His smooth game and picture perfect jump shot helped draw him favorable comparisons to the NBA’s all-time leader in made 3-point shots, Ray Allen. This, of course, left some rather large shoes for him to fill before setting foot on a college campus. In November of 2010, Beal ultimately decided that the best fit for him was the University of Florida. 

After losing their former starting small forward in Chandler Parsons due to graduation, Beal was given an opportunity to not only receive plenty of playing time right away, but also start. Beal thrived in this role and did whatever his team needed him to do in order to win. He quickly built up a reputation as a solid defender and a very intelligent overall player. 

One of the defining moments of Beal’s freshman campaign came when backup power forward Will Yeguete went down with a broken foot in late February and missed the remainder of the season. The 6’5″, 200-pound Beal, already playing out of his natural shooting guard position, was now asked to play significant minutes at power forward for the undersized Gators.

Rather than moping about it, Beal stepped his game up to another level and averaged an impressive 8 rebounds per game the rest of the year. 

Beal learned his toughness from his childhood. He grew up with four enormous, football-playing brothers, each of whom outweighed Bradley by over 100 pounds. They quickly became his human punching bags. The “smallest” Beal would line them up underneath the basket, then run into them and attempt to score. In addition to learning how to finish with contact, this also helped Beal become the hard-nosed warrior on the court that he is today.

Similar to his high school career, Beal’s run with Florida ended in the quarterfinals of the NCAA tournament, as the 7th-seeded Gators lost in a heart-breaker to the 4th-seeded Louisville Cardinals. This, however, was not until after Beal had not one, but two signature performances to end the year.

The first came in the SEC semifinal game against the eventual national champion Kentucky Wildcats. After going 1-10 from the floor with five points in their previous meeting, Beal came out strong, scoring 20 points on 8-15 shooting against perhaps the top perimeter defender in the country in Kidd-Gilchrist. Kentucky eked out a 74-71 victory, but it was Beal who earned the praise from the media and tremendously helped his draft stock.
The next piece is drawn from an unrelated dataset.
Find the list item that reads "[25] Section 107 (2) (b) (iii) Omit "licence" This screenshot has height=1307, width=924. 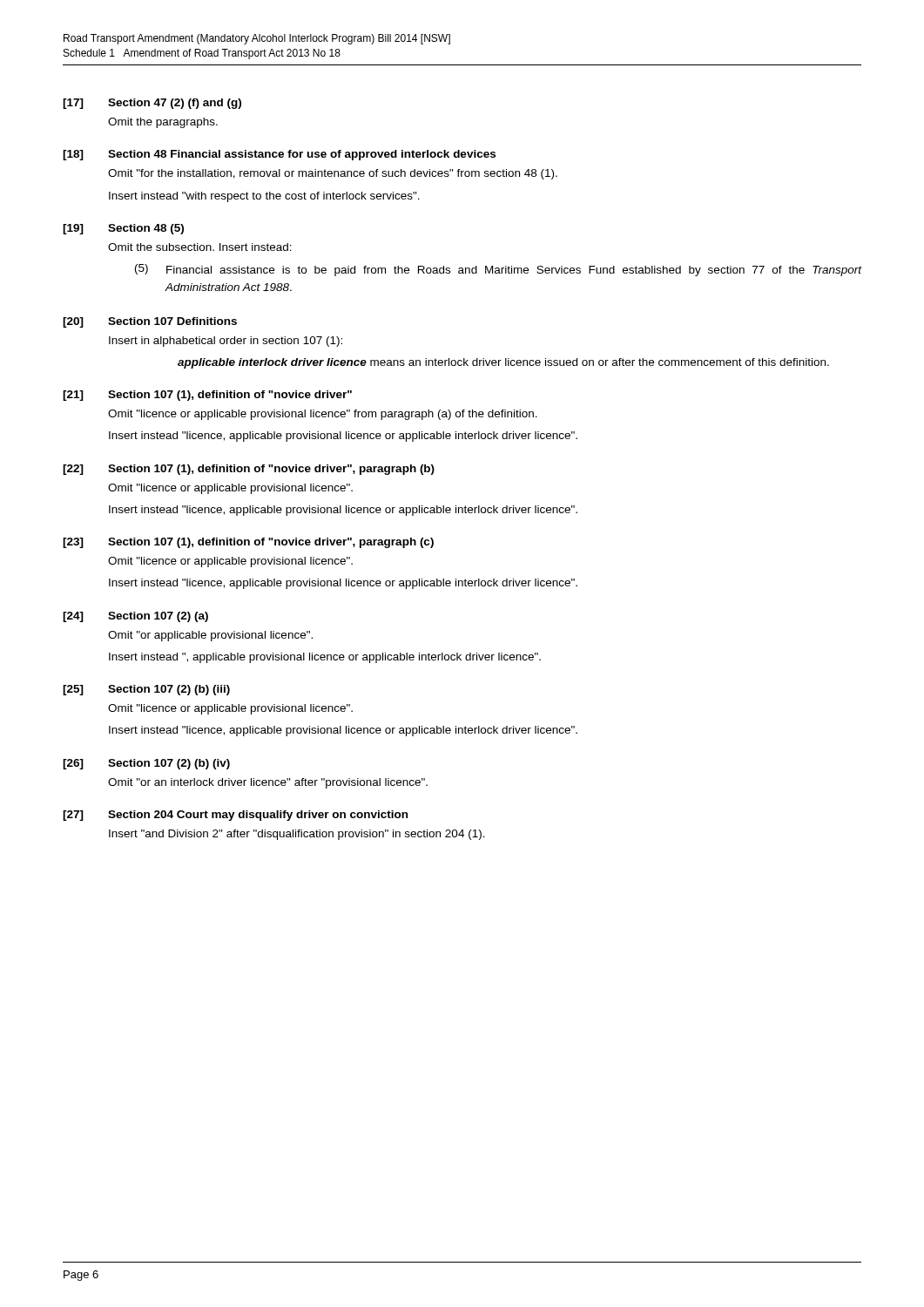146,690

The next came in Florida’s Sweet 16 matchup verse the 3rd-seeded Marquette Golden Eagles. Beal lit it up from the floor, exploding for a game-high 21 points on 8-10 shooting. This was by far the Gators biggest game of the season, and it proved that Beal could perform on the largest stage in college hoops.

All season long, Beal earned a countless amount of praise from not only the media, but also from head coach Billy Donovan, who loved Beal’s humbleness and demeanor—both on and off the court. According to Donovan:

“The one thing I admire about him more than anything else from the time he stepped foot on this campus, he has been a great teammate, he has been really unselfish, he has worked incredibly hard. Winning is very, very important to him. Chemistry on the team is very important to him.”

Donovan also commented on the Allen comparisons, saying, “He, to me, can be a Ray Allen kind of player. Brad is going to be a scorer in the NBA. He’s going to be a guy that they’re going to run plays for to get him shots and to make plays.”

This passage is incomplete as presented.